MLE for normal distribution

336 Views Asked by At

Suppose $\{X_i\}_{i=1}^n$ is a collection of iid random variables, $X_i \sim \mathcal{N}(\theta,1).$ Prove that with no restrictions on $\theta$, the maximum likelihood estimator of $\theta$ is $\overline{X} = \frac{1}{n} \sum_{i=1}^n X_i$.
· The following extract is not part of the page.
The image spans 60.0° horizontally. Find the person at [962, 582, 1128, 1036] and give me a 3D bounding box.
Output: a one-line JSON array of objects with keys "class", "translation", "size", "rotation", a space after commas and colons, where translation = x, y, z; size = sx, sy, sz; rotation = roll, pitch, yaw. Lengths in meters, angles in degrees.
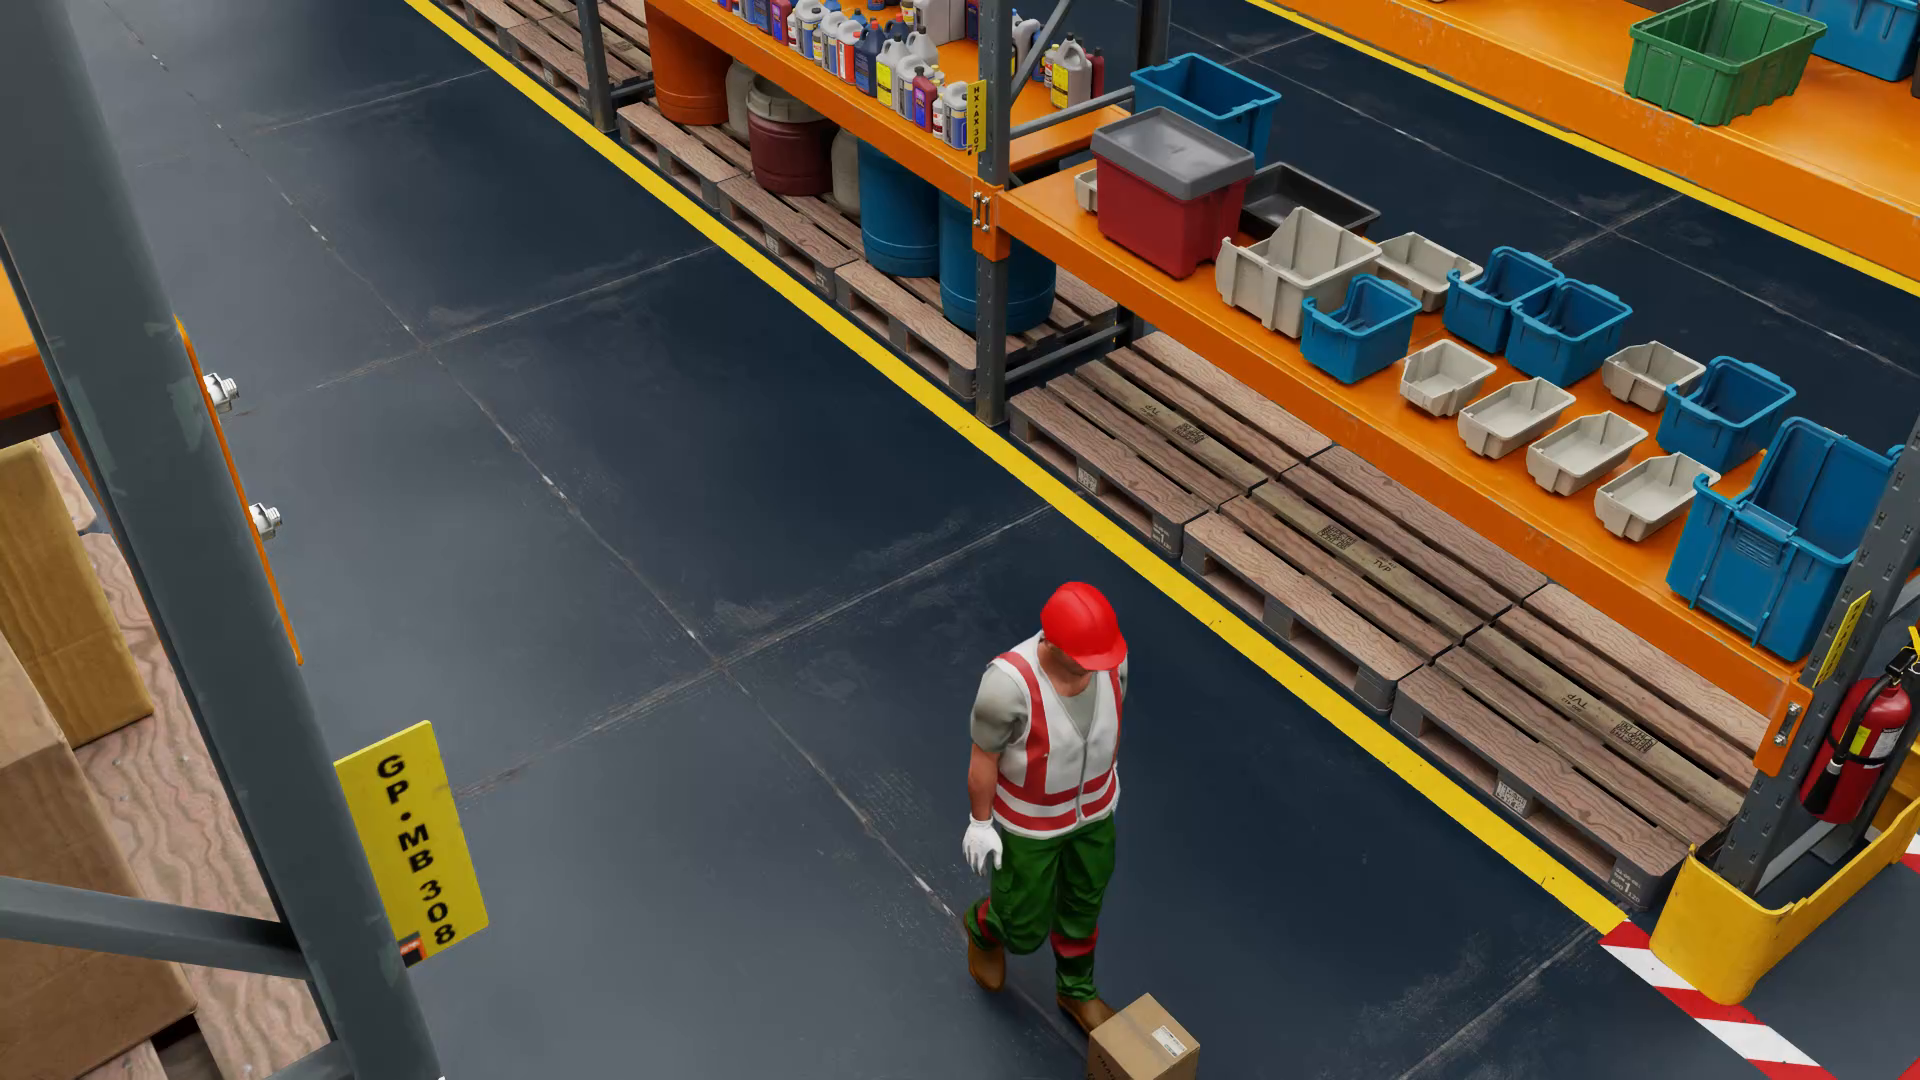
[{"class": "person", "translation": [0.306, 0.856, 5.092], "size": [0.591, 1.780, 0.629], "rotation": [-21, 44, -24]}]

I've got most of it: $$\mathcal{L}(\theta|x) = (2\pi)^{-n/2} \exp\left\{-\frac{1}{2} \sum_{i=1}^n (x_i-\theta)^2\right\}$$ and thus \begin{align} \frac{\partial L}{\partial \theta} = 0 &\implies (2\pi)^{-n/2}\exp\left\{\frac{1}{2} \sum_{i=1}^n (x_i-\theta)^2\right\}\sum_{i=1}^n (x_i-\theta) = 0\\ &\implies \sum_{i=1}^n (x_i - \theta) = 0 \\ &\implies \theta^* = \frac{1}{n}\sum_{i=1}^n x_i. \end{align} I'm trying to confirm that this is a maximum and not a minimum. We have $$\frac{\partial^2 L}{\partial \theta^2} = (2\pi)^{-n/2}\exp\left\{\frac{1}{2} \sum_{i=1}^n (x_i-\theta)^2\right\}\left[\left(\sum_{i=1}^n (x_i-\theta)\right)^2-n\right].$$ Is this computation correct? Now how can I show that$\left[\sum_{i=1}^n (x_i-\theta)\right]^2-n< 0$ so that we assure $\theta^*$ is the maximum and not a minimum/inflection point.

1

There are 1 best solutions below

0
On BEST ANSWER

The second derivative needs to be less than zero at $\theta^*,$ so the first term of the prefactor is zero and what’s left, $-n$, is clearly negative.

On a side note, it’s easier here, and a good idea in a lot of cases, to maximize the log of the likelihood rather than the likelihood.